On Monday we set out for Children's Hospital, three months has flown by and it was time for our Hem/Onc clinic appointment. Georgia had assured me that the "inside of her body was happy" and that she didn't need to get a poke, but was brave as always when she showed the phlebotomist which arm to draw from. Georgia told him which color Band-Aid she wanted and asked to "shake" the vials once he was done, she's a pro.
With an hour between her blood draw and our appointment we went to the cafeteria, Georgia said, "I didn't know there was a restaurant here!" We had a bite to eat and headed to the clinic. These days when we arrive at the clinic I see the question running through the minds of the other parents, they see a full head of hair and wonder, are they new? It becomes clearer that we've been here a while when the receptionist remarks at how much Georgia has grown. The questions aren't one sided, I often look at the other children and wonder where they are in treatment and what type of cancer are they battling. The clinic is a familiar place with warm smiles and horrific memories. On this day we saw two nurses who we haven't seen in ages, they both said they wouldn't have recognized Georgia if she hadn't been with me, remarking at how grown up she is.
It was finally our turn and we headed to the small room where vitals are taken, she's up two pounds and has grown two centimeters since our last visit. When Dr. Pollard arrived, she opened the door and was all smiles, she said it was such a treat it was to see Georgia. Her labs look good, one was a smidge high but that was explained by a recent immunization. I jokingly asked if we should page her transplant doctor to let him know she'd gotten an immunization, this is a topic that we still don't see eye to eye on.

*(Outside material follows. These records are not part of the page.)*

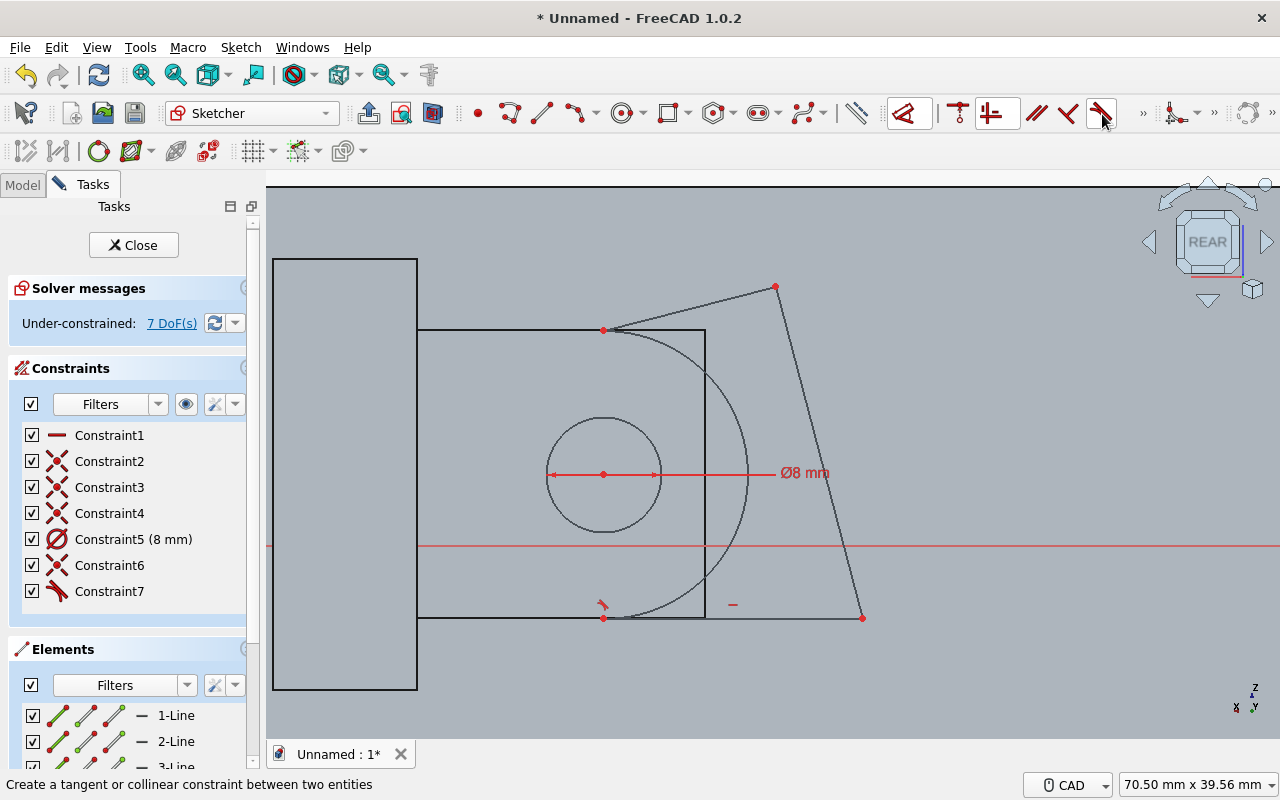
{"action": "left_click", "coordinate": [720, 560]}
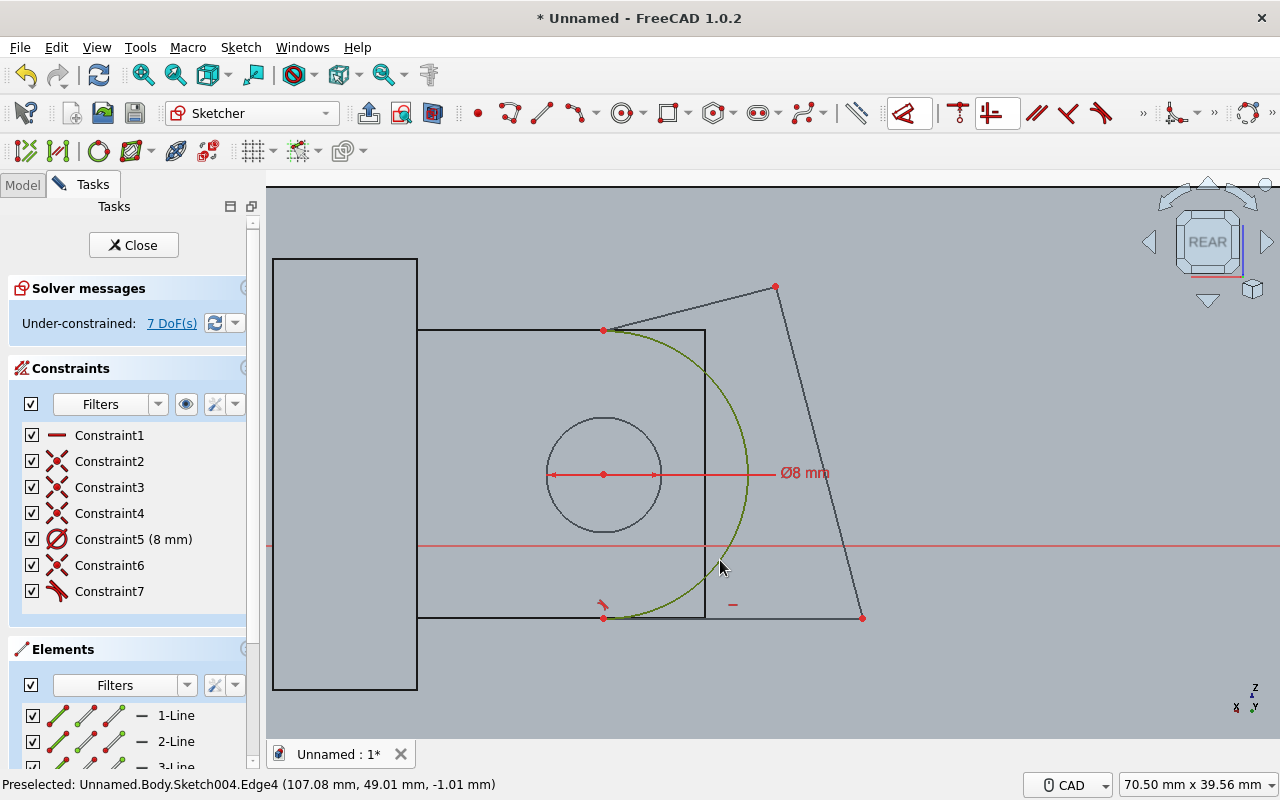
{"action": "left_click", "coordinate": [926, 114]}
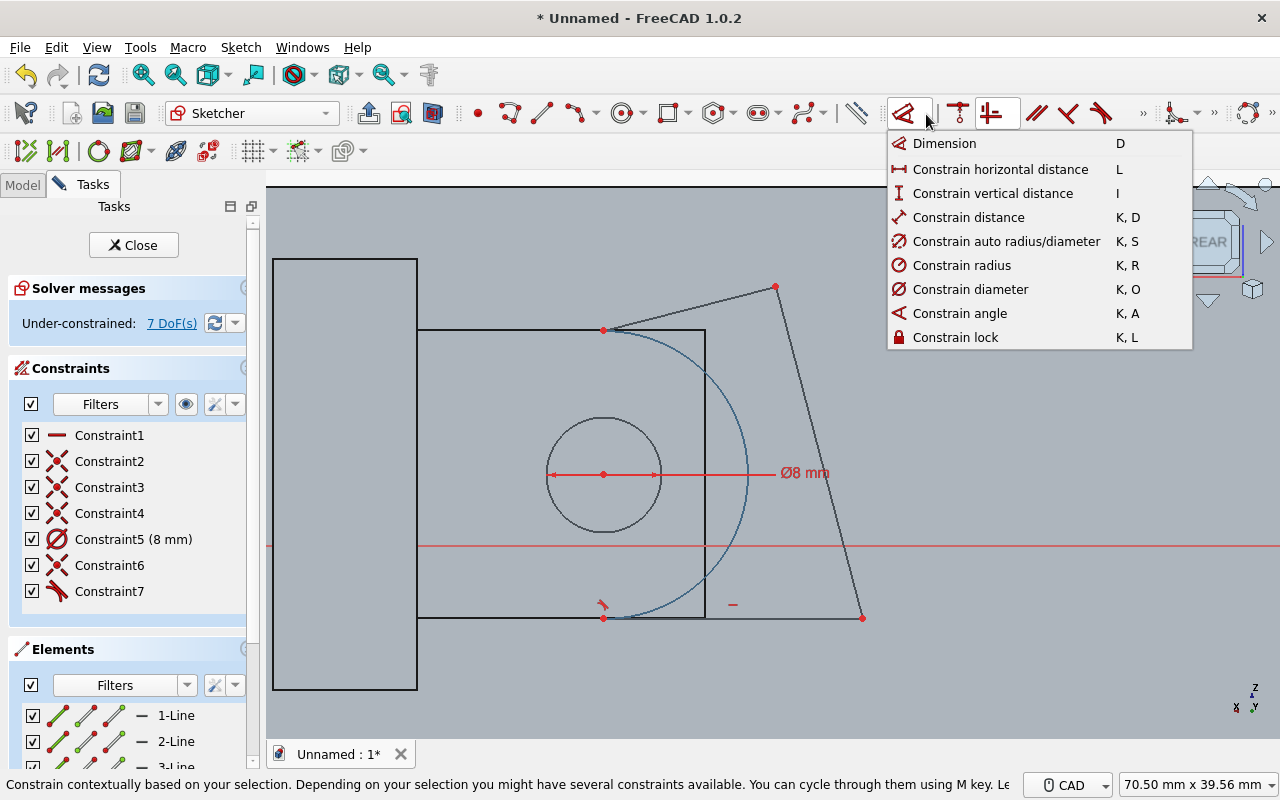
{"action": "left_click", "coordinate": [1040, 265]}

It was decided that we would see Dr. Pollard again in October then have our first visit with the Access or Survivorship Clinic in January. This new clinic is in the same location, just with a different doctor. We will receive a binder outlining all of the chemotherapies that Georgia received and their potential late term effects. It's these little reminders that the war will never be over in this journey, we will forever be looking for ways that cancer and therefor the cure has impacted her body.
I have seen our journey changing in the last several months, Georgia is older and has more questions. She will never remember the events of the past three years that way I do but she will have her own memories.

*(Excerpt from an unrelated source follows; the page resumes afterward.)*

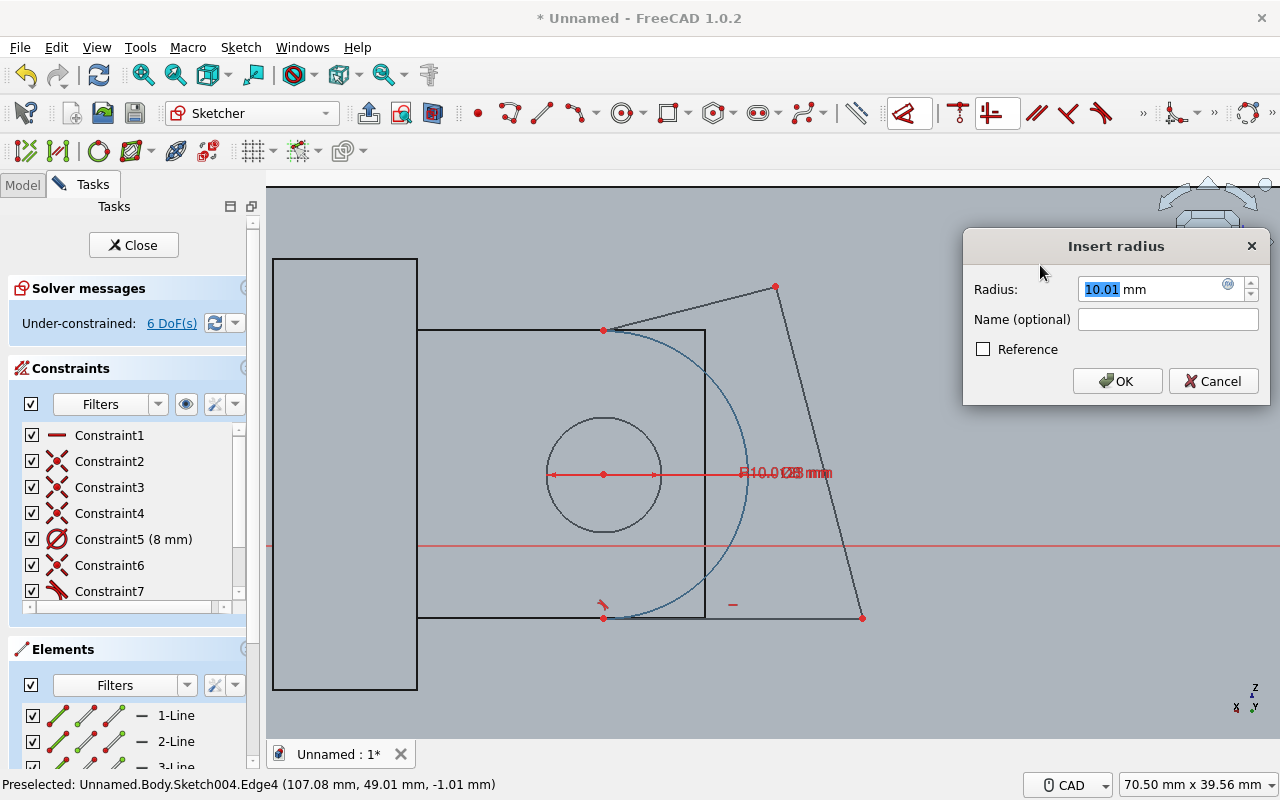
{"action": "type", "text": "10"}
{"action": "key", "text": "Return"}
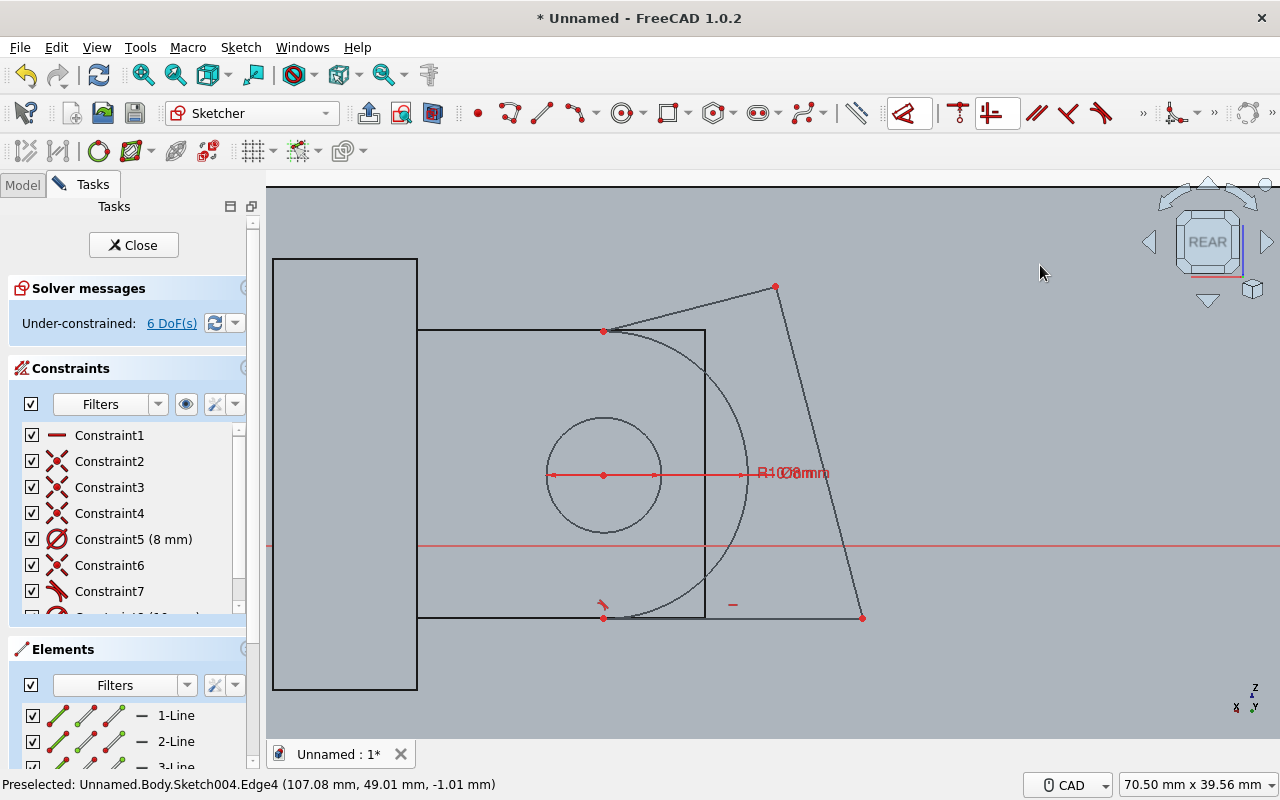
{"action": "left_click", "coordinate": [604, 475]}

A couple of months ago when I was putting Georgia to bed we were chatting about the day, then out of the blue, she asked why she had to get a poke at a different place. She was referring to the SCCA lab when we did her two year post transplant work up a few months prior. I did my best to explain that she has doctors in different places, she asked why, the questions continued, she asked why she had to be in the hospital, I told her, because you had cancer, she then asked, "why?" It was a question that came down like a ton of bricks and a punch in the gut all at the same time. I'll never be able to answer why and I know the questions to come will only be harder to answer as Georgia understands more. Life isn't easy, but then again, no one ever said it would be. For now, I am grateful for the continued healing and growth that is happening, onward and (literally) upward is the only way to go.
Our at home growth chart - she's growing like a weed!